# I'm free.......kinda!



## bupton52 (May 13, 2013)

I finally got rid of my iphone and I'm enjoying my new Samsung Galaxy S4. Best decision I ever made. I still have an ipad 2, but I'm finding myself using it less and less.


----------



## JKC84 (May 13, 2013)

I was a sworn iphone user until my business partner showed me his Galaxy Note 2 weeks ago.  It works so much better for our business as far as documents go and other cool business apps.
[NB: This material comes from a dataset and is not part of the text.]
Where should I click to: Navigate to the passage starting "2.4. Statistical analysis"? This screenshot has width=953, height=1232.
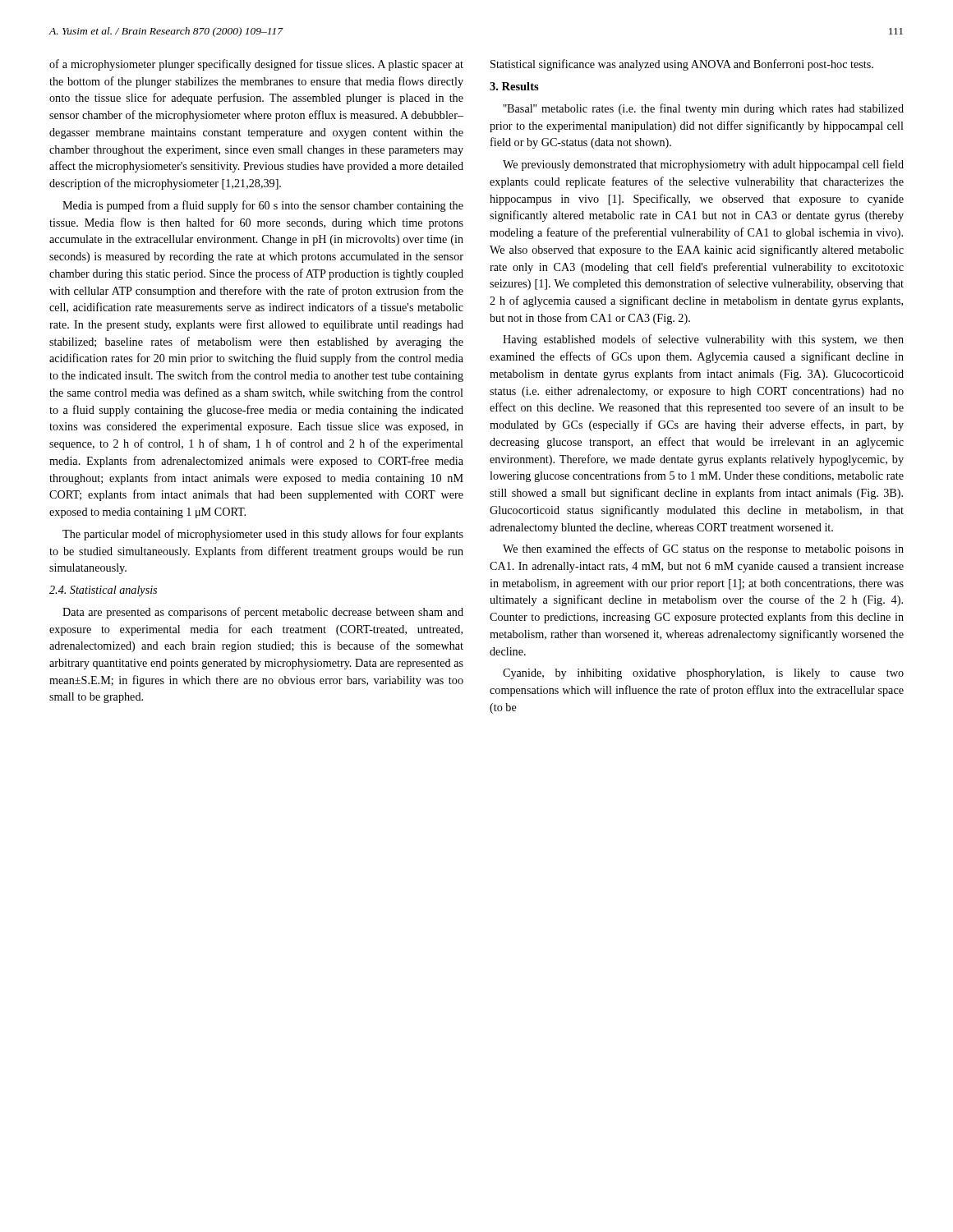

I took my iphone 5 to the Verizon store and swapped it for the Galaxy Note II and I tell you I have not put it down yet! 

Freemason Connect Mobile


----------



## Benjamin Baxter (May 14, 2013)

Welcome back from the darkside, brothers. 

Freemason Connect Mobile


----------



## WestTXFreemason (May 15, 2013)

Galaxy all the way! I'm using mine to connect with my bros so I'm good with it!

Freemason Connect Mobile


----------



## STLamb (May 15, 2013)

I loved my Galaxy SIII. Unfortunately, my CIO is aligned with Darth Apple, so I was forced to replace it with an iPhone 5. It's not a bad phone, but the Galaxy was a lot better. Oh well, my teenage son is happy it happened.


----------



## baruchhc (May 15, 2013)

I agree wholeheartedly. 

Freemason Connect Mobile


----------



## Blake Bowden (Jun 2, 2013)

bupton52 said:


> I finally got rid of my iphone and I'm enjoying my new Samsung Galaxy S4. Best decision I ever made. I still have an ipad 2, but I'm finding myself using it less and less.
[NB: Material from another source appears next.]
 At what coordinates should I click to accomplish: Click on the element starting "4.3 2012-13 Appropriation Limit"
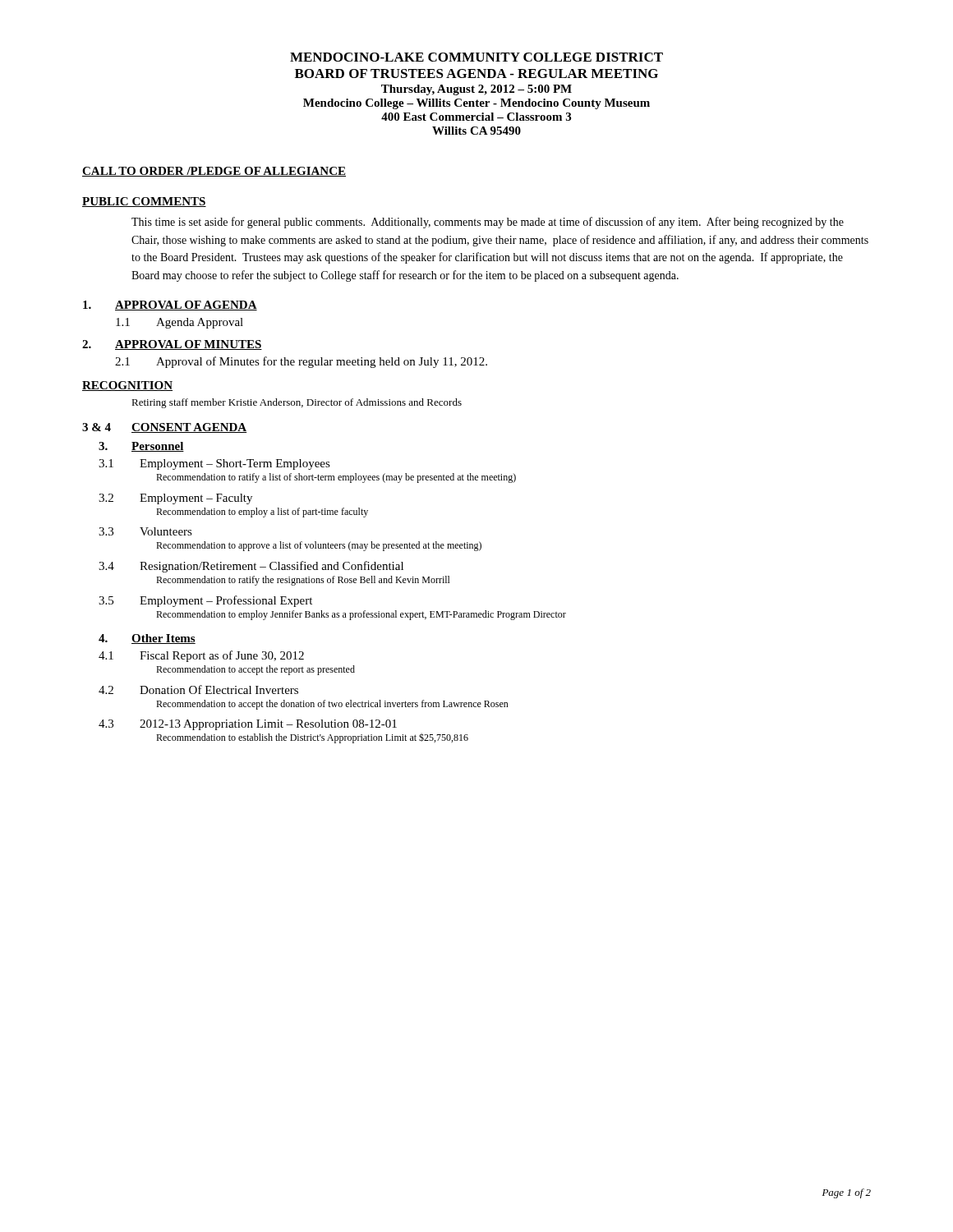[x=248, y=725]

S4 is very nice and I think you have the best combo. I have the HTC ONE with an iPad and couldn't be happier. The flexibility of an Android handset and the quality tablet apps of the iPad = win win.


----------



## mfields78 (Aug 24, 2013)

I also have the Galaxy S 4 and switched from an iPhone. That was one of the best decisions I ever did, besides petitioning of course!

Freemason Connect HD


----------



## JJones (Aug 24, 2013)

I had an IPhone until I went out on a whim and bought my Galaxy SII.  Since then everyone else in my immediate family has went Galaxy as well and I doubt any of us will go back anytime soon.


----------



## appzdude (Aug 24, 2013)

I wouldn't trade my SG Note II for anything. Four friends and family have bought one after seeing mine.

JW, Buda Lodge #800, Buda, TX


----------



## Benjamin Baxter (Aug 25, 2013)

Any body got a s4active? I thought about one but battery life would need to be greatly better than my s3.


Senior Steward - Granbury #392
Junior Deacon - Glen Rose # 525


----------